In order, as we take it, to remove the sting caused by the allegations of the answer, voluntarily they were withdrawn in words showing that it was not in the spirit of the least malice that they had been used.
Under the circumstances, it was a joint agreement in its effect, binding upon defendants, and which necessarily extended to plaintiff, although no part of the compromise proper.
If it were held not to bind to some extent both parties, then one would be bound by the withdrawal of the charges, and the other would remain free.
By the withdrawal and apology, by implication, at least, the defendants acknowledged that they uttered something in pleading which they should withdraw.
If this were construed as one sided, then they would have rendered themselves more liable in damages than they could otherwise have been.
An act inspired by the best of motives would operate against them.
There is abundant authority on the subject. It is a well-settled rule where prosecution is terminated by compromise or withdrawal, to which there was consent or even only assent, an action for malicious prosecution cannot be maintained.
This is amply sustained by the doctrine of Oraig v. Ginn decision (1901) 3 Pennewill (Del.) 117, 48 Atl. 192, 53 L. R. A. 715, 94 Am. St. Rep. 77, Supreme Court of Delaware.
The court refers to numerous decisions upon the subject rendered in different jurisdictions.
[2] The second proposition is:
*911The suit was not brought in malice. There was the appearance of a cause.
It has been before stated that, in this decision, investigation was instituted through agent and examination made into plaintiff’s business.
The result was that the learned counsel who wrote the answer arrived at the conclusion that there was ground for the defense which was tendered.

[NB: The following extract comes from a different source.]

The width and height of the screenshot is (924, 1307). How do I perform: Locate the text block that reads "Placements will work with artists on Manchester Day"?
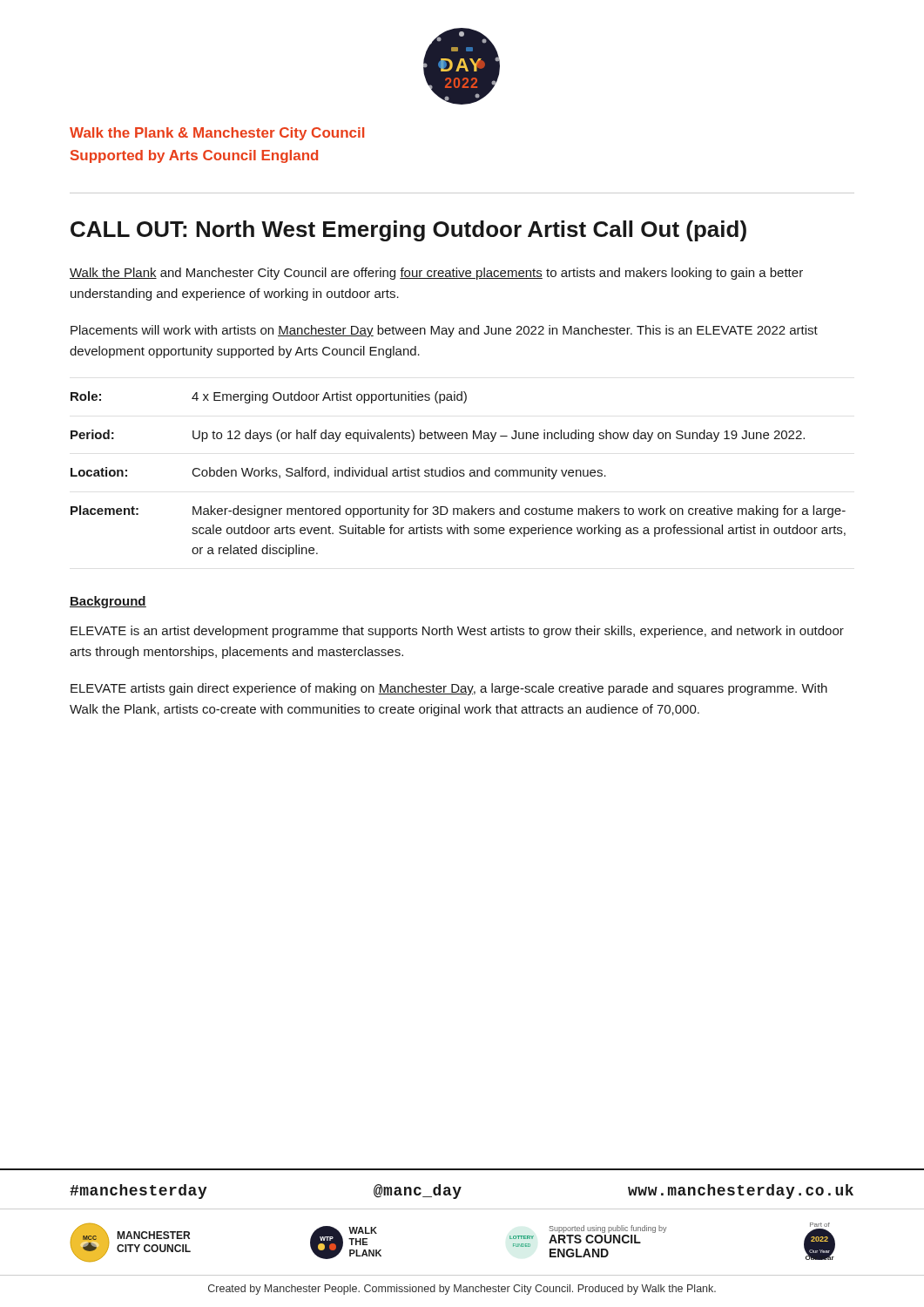point(444,340)

It is stated that the facts were not all imparted to him. That is true; but he did not intimate for an instant that any fact was purposely withheld.
Counsel, who wrote the answer, who is not now of counsel (it was stated in oral argument, for the reason very properly, we think, that he declined to be of counsel in a case in which his testimony is of record), with great fairness and a high- sense of justice, testified, in .substance, after he had heard the evidence that had he known all that the evidence disclosed some of the expressions deemed necessary at the time would not have been used.

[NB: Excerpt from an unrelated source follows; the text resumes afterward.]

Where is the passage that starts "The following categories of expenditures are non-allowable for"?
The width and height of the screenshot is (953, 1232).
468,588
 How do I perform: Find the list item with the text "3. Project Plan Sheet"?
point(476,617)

It was stated, in substance, in oral argument, for plaintiff, that all the facts were not given to able counsel by the agents of defendants.
That is true, but it was not intimated in the evidence of distinguished counsel that any fact was intentionally withheld.

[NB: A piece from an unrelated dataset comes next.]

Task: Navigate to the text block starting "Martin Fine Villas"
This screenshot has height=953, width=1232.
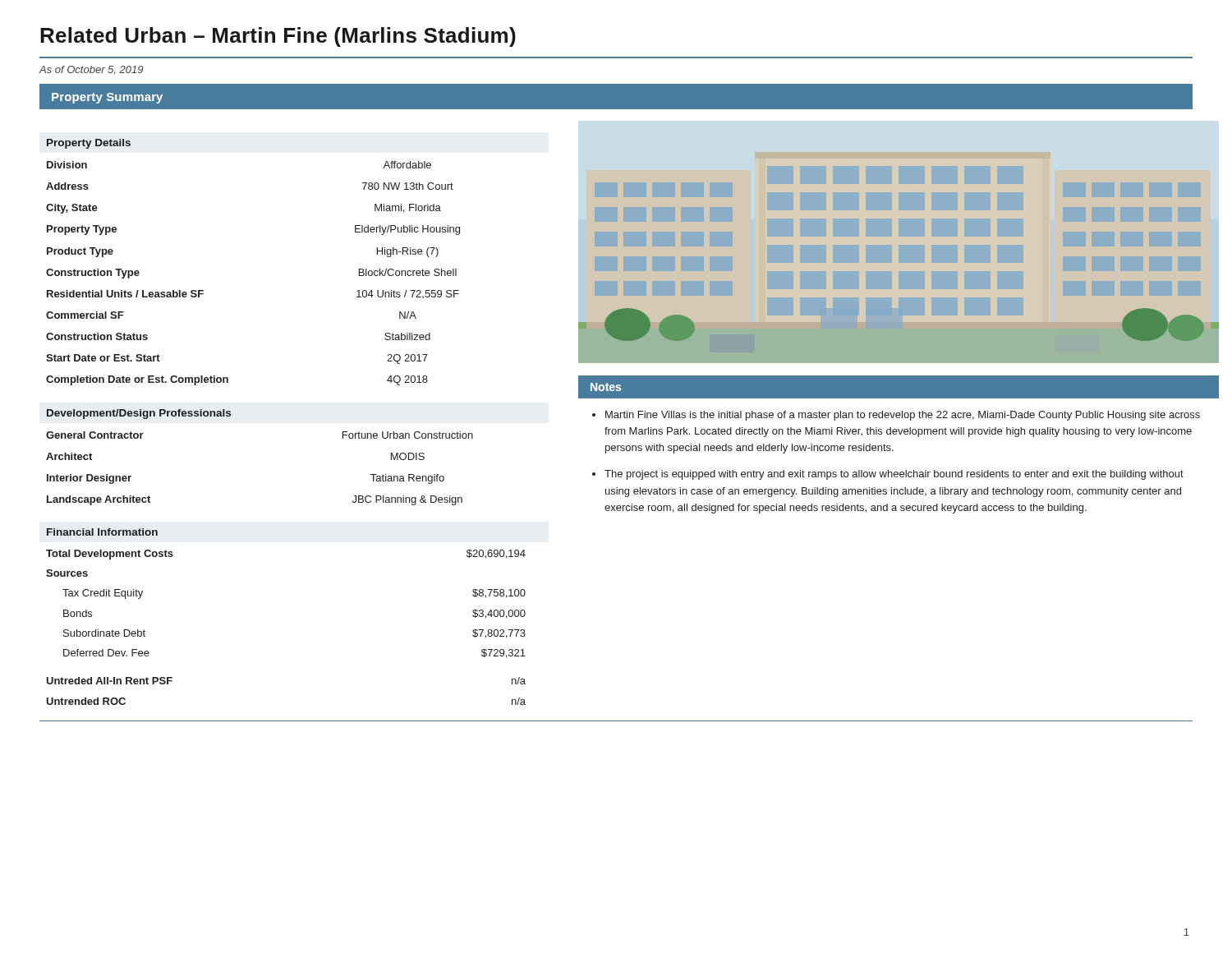Action: tap(902, 431)
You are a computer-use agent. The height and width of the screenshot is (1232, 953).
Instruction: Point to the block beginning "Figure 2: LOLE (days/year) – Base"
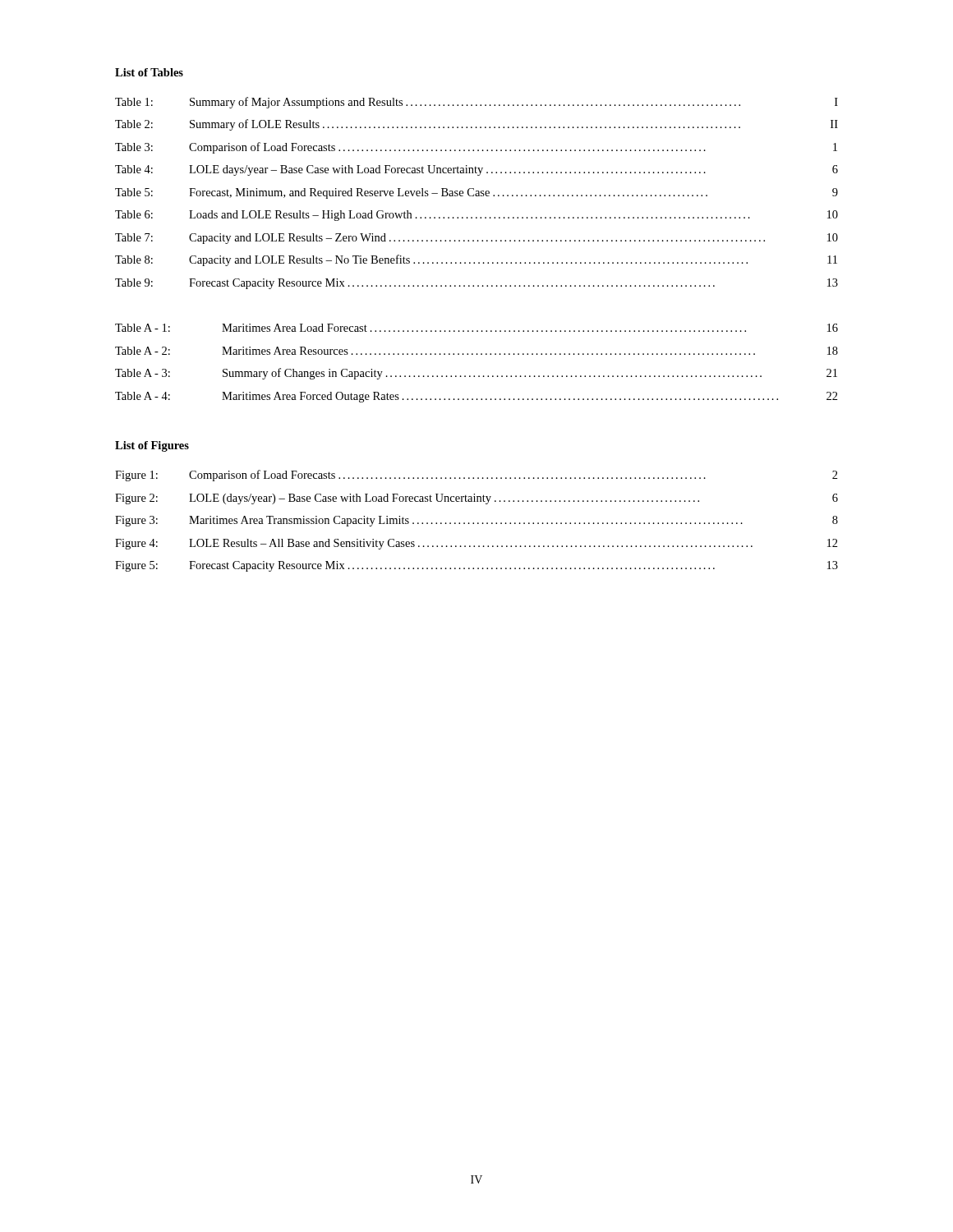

This is referred to only to add that defendants acted on advice of counsel, who stated with proper emphasis that he felt persuaded that defendants were not actuated by malice in defending the original suit.
There is no necessity, as we conceive, to review all the testimony.
We leave the case convinced that defendants had probable cause to think that plaintiff was claiming a larger amount than that to which he was really entitled.
From that point of view, we have concluded to reverse the judgment.
In the light of several decisions, particularly Dunn v. Southern Insurance Co., 116 La. 431, 40 South. 786, it must be reversed.
The law and the evidence being in favor of defendants, .it is ordered, adjudged, and decreed that the judgment appealed from is avoided, annulled, and reversed, and the demand of plaintiff is rejected at his costs in both courts.